[[ Data shown, beginning ]]
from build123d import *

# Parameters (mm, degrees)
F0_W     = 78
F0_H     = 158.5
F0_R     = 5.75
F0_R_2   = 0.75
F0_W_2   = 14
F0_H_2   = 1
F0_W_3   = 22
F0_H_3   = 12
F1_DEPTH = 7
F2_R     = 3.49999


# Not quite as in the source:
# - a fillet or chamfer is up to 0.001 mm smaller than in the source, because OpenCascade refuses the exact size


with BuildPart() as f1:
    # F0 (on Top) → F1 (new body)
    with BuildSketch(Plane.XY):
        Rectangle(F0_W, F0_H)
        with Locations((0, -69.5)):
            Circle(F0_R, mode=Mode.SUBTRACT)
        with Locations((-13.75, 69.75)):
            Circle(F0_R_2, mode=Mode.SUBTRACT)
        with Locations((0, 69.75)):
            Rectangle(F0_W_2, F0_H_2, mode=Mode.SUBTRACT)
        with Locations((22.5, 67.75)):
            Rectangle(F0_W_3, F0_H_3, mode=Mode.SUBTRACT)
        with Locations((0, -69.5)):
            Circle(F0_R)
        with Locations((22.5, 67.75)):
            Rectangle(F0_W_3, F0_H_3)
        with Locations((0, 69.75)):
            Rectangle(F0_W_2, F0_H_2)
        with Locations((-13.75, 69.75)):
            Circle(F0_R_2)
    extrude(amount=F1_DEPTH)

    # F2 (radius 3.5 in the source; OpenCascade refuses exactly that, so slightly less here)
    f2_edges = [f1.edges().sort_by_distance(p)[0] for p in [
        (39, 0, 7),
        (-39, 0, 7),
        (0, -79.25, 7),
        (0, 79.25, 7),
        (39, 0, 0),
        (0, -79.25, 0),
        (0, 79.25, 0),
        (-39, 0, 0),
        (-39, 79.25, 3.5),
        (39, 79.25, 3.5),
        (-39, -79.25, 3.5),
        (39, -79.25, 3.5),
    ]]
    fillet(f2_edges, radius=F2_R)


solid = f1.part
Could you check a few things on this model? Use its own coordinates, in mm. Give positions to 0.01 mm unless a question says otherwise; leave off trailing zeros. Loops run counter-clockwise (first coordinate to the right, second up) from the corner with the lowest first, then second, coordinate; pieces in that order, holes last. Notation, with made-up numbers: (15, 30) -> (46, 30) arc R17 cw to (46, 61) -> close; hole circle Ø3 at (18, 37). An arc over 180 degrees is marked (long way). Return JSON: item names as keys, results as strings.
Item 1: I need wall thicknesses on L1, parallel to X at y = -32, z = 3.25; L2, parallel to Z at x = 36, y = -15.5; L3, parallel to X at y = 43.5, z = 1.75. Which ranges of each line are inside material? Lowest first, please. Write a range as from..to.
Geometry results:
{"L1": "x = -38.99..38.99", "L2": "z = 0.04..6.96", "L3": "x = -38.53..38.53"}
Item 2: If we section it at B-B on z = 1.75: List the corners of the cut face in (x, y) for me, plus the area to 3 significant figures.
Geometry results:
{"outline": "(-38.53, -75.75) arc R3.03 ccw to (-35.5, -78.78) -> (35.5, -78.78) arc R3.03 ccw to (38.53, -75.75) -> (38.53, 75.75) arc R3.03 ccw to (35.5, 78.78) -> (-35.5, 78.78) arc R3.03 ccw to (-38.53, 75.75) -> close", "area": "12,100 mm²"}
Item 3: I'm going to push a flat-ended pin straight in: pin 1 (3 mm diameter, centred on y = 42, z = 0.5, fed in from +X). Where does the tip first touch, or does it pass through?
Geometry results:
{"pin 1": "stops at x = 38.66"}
[[ Data shown, end ]]
## Assigned task
Wherever a line in the entries holds "SUBTRACT", copy that line.

## Result of the exercise
            Circle(F0_R, mode=Mode.SUBTRACT)
            Circle(F0_R_2, mode=Mode.SUBTRACT)
            Rectangle(F0_W_2, F0_H_2, mode=Mode.SUBTRACT)
            Rectangle(F0_W_3, F0_H_3, mode=Mode.SUBTRACT)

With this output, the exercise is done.